[Data records]
——

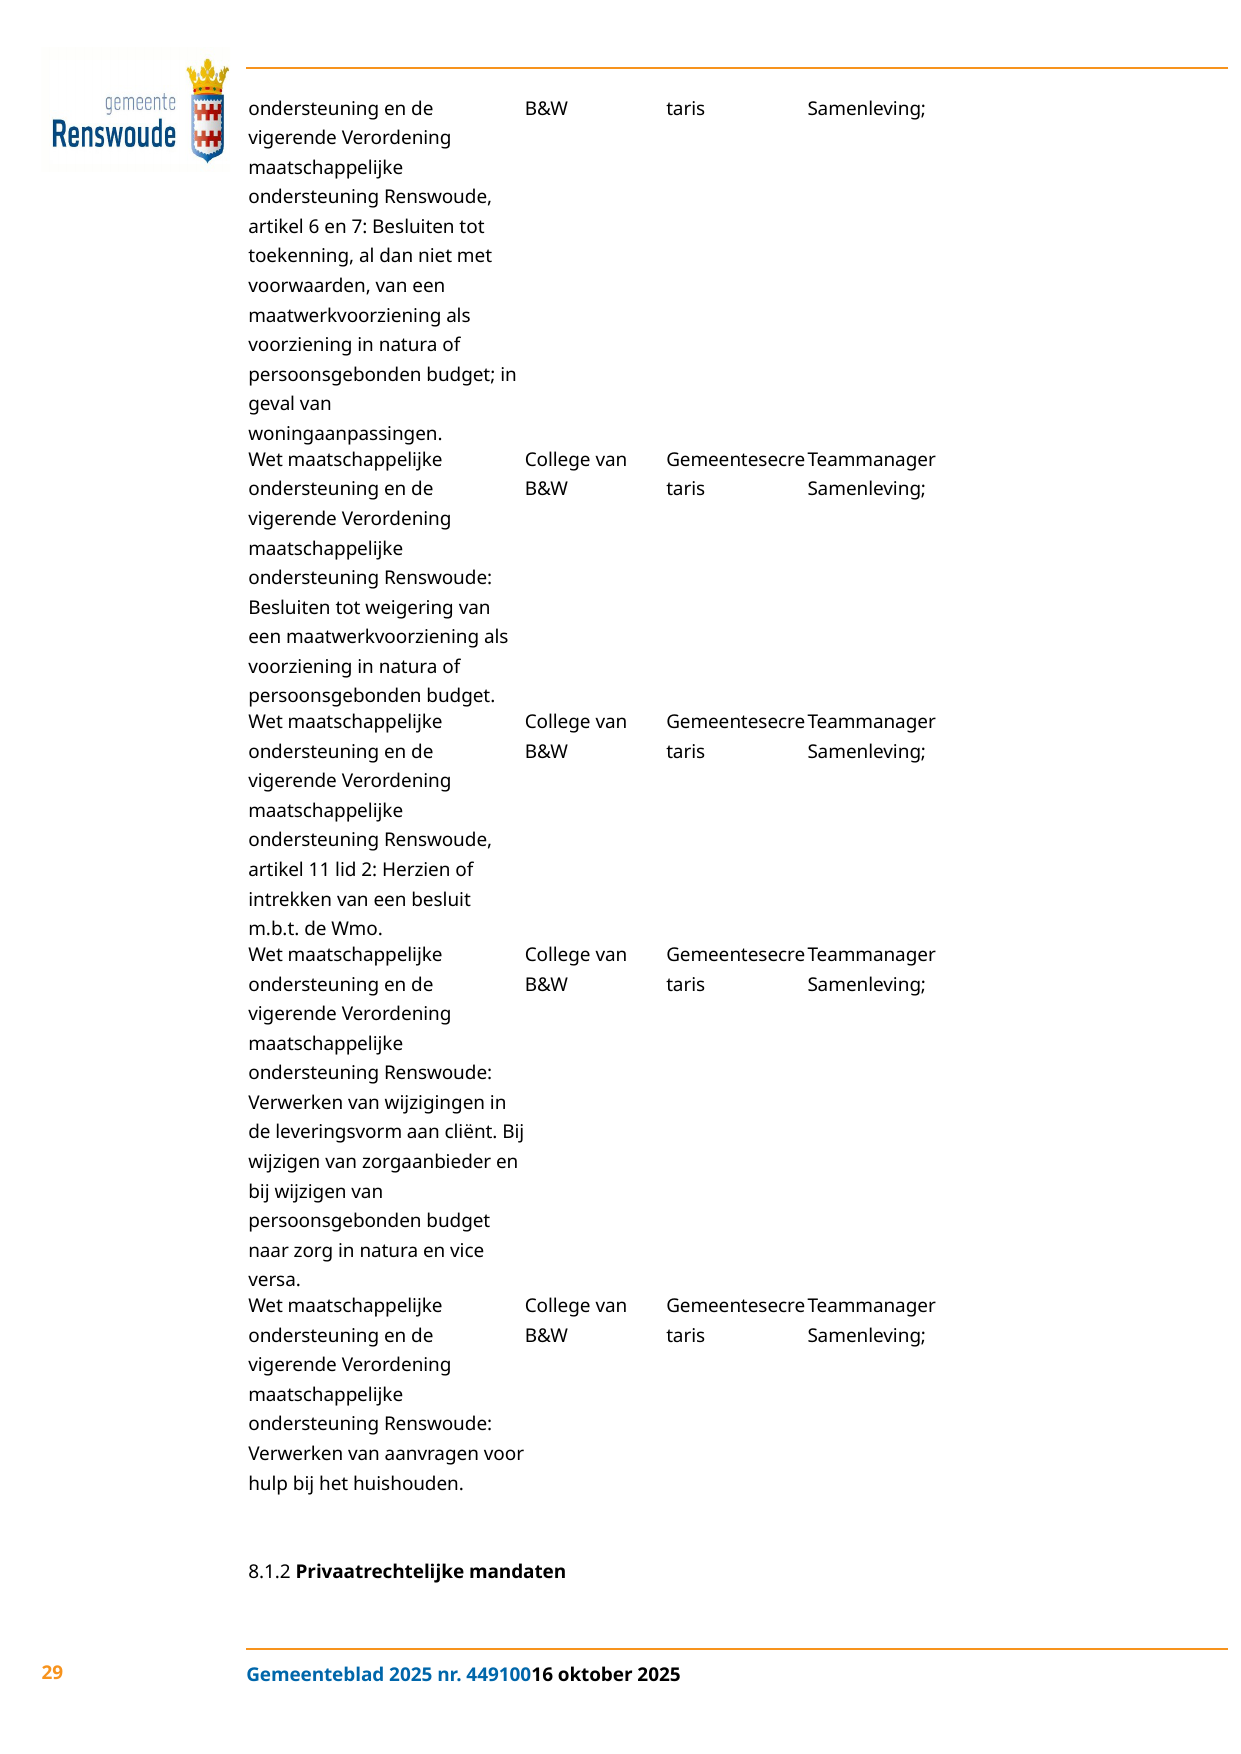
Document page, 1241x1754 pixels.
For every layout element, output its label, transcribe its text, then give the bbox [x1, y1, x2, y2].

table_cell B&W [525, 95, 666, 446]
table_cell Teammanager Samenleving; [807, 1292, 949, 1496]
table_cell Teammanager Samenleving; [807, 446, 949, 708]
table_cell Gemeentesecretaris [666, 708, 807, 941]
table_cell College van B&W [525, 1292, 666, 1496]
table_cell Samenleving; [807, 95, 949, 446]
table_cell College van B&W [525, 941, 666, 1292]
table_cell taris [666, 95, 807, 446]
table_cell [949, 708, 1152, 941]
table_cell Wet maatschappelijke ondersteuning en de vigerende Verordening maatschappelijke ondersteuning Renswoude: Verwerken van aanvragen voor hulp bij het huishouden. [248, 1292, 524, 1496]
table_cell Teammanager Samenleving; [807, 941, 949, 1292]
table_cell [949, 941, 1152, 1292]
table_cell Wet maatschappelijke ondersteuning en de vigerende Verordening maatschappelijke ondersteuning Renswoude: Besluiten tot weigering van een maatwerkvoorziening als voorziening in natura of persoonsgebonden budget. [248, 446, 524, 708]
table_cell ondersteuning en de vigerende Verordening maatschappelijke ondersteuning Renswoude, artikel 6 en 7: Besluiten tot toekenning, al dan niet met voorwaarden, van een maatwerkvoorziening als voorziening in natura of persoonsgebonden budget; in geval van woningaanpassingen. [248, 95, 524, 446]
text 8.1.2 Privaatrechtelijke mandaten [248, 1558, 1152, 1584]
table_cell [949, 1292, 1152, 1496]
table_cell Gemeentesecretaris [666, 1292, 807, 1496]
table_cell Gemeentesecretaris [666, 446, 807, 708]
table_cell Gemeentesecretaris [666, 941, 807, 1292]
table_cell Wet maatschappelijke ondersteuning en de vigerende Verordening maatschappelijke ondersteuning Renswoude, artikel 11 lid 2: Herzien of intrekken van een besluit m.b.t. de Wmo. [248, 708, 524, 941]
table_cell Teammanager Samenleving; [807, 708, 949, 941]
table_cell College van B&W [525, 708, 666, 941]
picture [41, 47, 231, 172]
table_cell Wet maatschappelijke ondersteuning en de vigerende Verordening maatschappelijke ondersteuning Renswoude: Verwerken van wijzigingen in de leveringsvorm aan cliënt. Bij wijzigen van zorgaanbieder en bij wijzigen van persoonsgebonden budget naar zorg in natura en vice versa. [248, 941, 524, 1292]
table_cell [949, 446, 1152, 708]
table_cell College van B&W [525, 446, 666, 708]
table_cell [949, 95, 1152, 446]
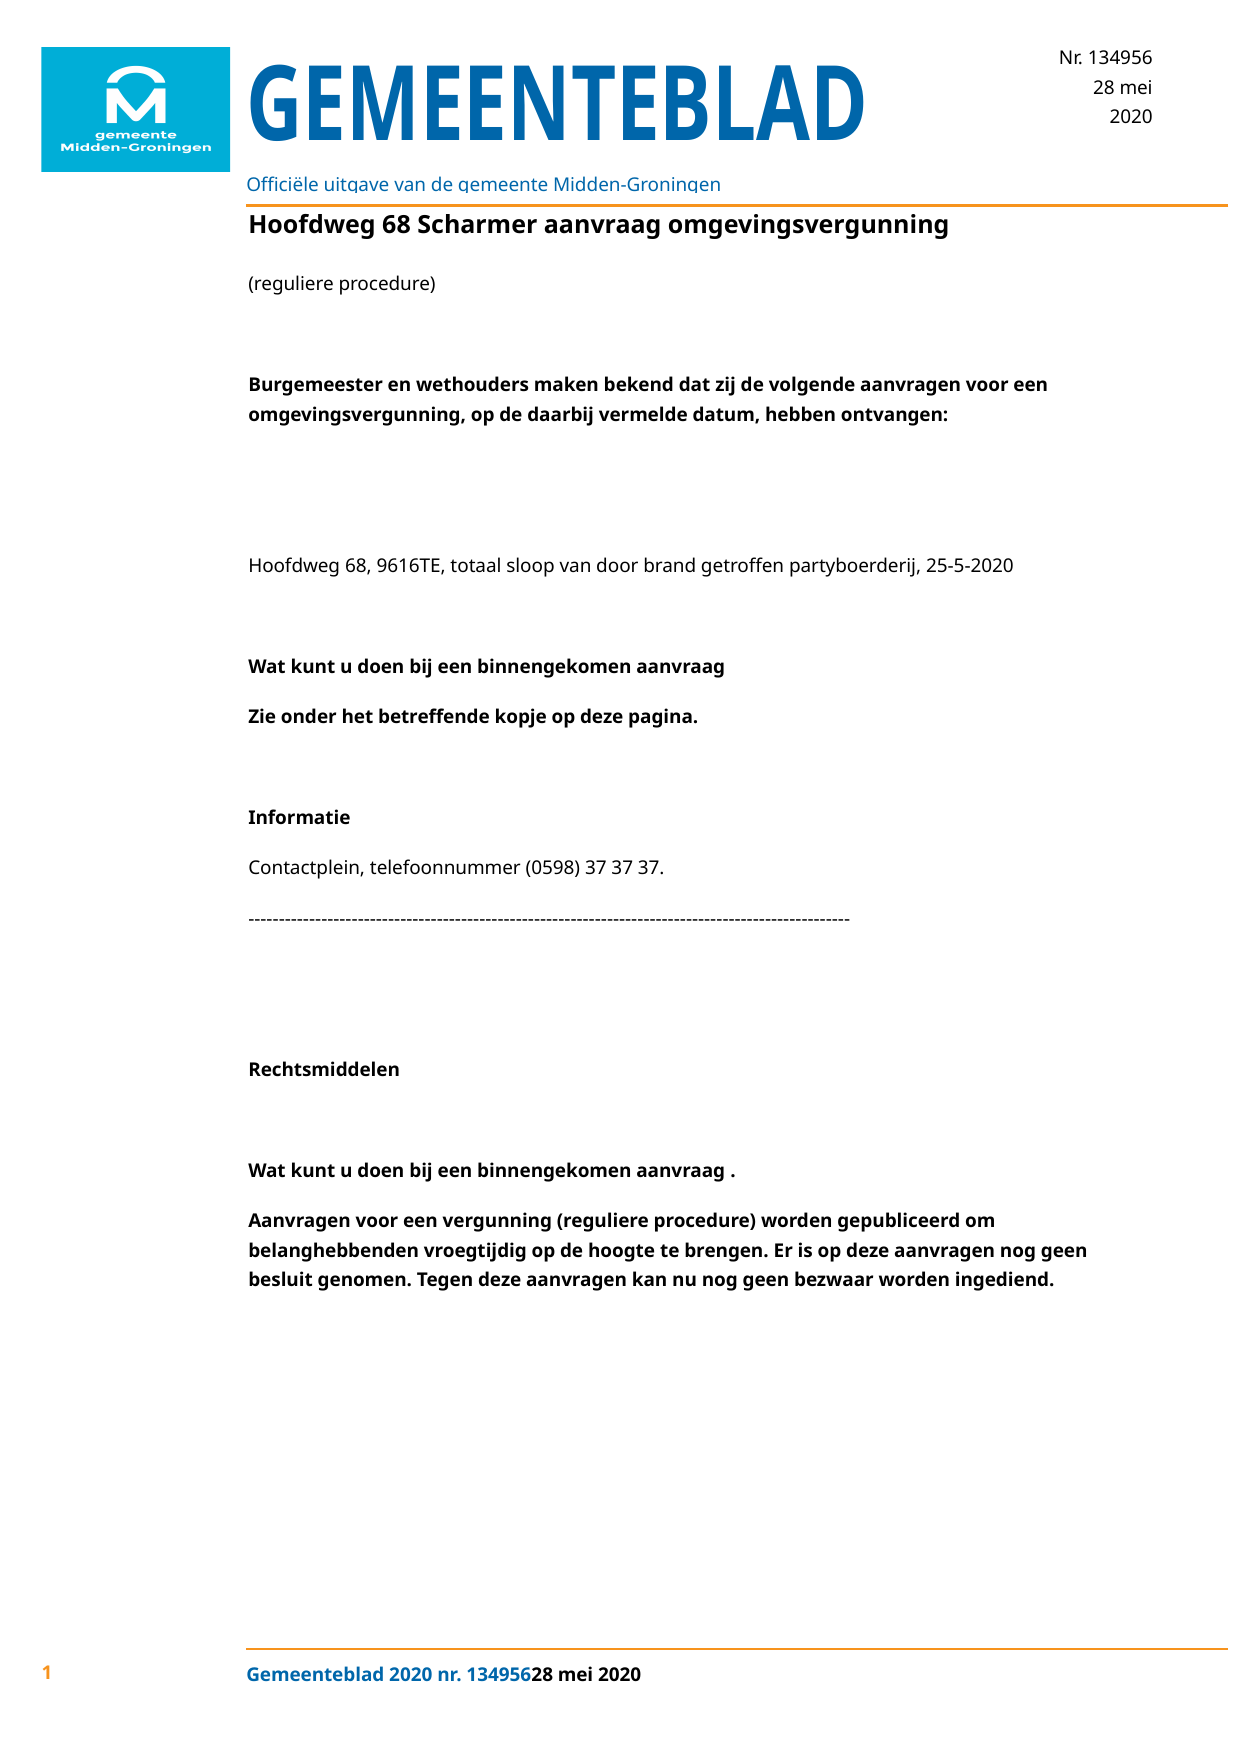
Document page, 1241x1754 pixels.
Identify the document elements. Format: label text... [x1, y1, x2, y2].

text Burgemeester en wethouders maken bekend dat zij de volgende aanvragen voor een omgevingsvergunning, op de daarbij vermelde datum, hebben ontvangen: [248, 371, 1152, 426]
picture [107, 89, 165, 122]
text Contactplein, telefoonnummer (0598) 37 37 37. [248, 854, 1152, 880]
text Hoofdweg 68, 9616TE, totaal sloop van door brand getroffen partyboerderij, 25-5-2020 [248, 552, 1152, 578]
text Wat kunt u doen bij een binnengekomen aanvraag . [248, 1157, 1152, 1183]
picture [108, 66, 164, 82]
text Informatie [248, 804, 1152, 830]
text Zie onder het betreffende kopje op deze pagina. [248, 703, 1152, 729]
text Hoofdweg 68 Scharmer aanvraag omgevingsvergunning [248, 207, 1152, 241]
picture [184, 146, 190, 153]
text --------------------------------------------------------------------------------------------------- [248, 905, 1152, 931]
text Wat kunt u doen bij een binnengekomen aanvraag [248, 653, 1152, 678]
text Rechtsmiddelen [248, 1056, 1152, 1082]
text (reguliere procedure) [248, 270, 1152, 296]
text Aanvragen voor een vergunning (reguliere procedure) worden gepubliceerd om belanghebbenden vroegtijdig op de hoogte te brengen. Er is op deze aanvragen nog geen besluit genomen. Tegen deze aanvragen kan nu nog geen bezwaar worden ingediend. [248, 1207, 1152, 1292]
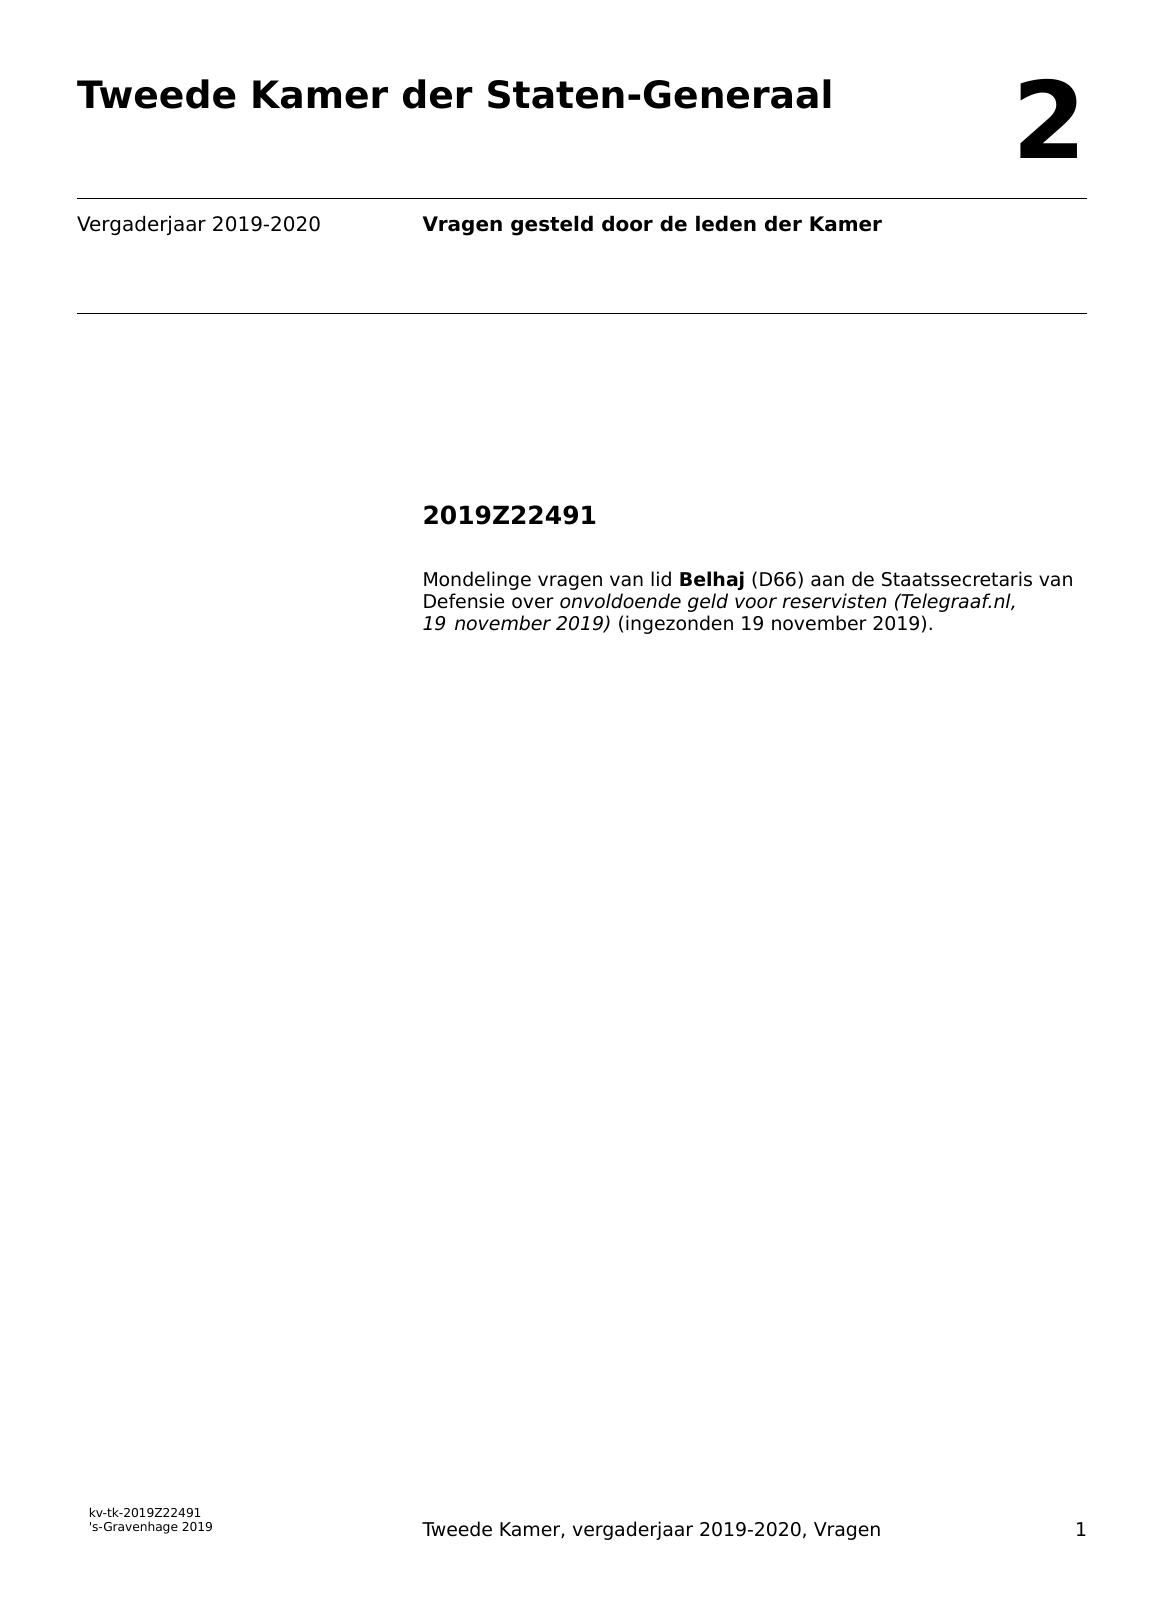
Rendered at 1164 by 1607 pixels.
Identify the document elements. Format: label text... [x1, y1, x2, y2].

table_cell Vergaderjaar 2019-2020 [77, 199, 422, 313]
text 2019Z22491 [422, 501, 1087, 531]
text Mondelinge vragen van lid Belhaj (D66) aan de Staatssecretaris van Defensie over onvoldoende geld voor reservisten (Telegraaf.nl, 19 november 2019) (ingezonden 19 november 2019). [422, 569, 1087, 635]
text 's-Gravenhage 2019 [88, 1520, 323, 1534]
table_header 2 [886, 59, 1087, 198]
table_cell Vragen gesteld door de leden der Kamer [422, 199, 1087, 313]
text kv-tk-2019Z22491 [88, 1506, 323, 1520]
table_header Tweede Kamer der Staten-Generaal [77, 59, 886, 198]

——

▶ _WHAT TO DO_: Looking through the data above, count the lines that include the string "Samenleving" and give only the count.

▶ _WRITTEN RESPONSE_: 5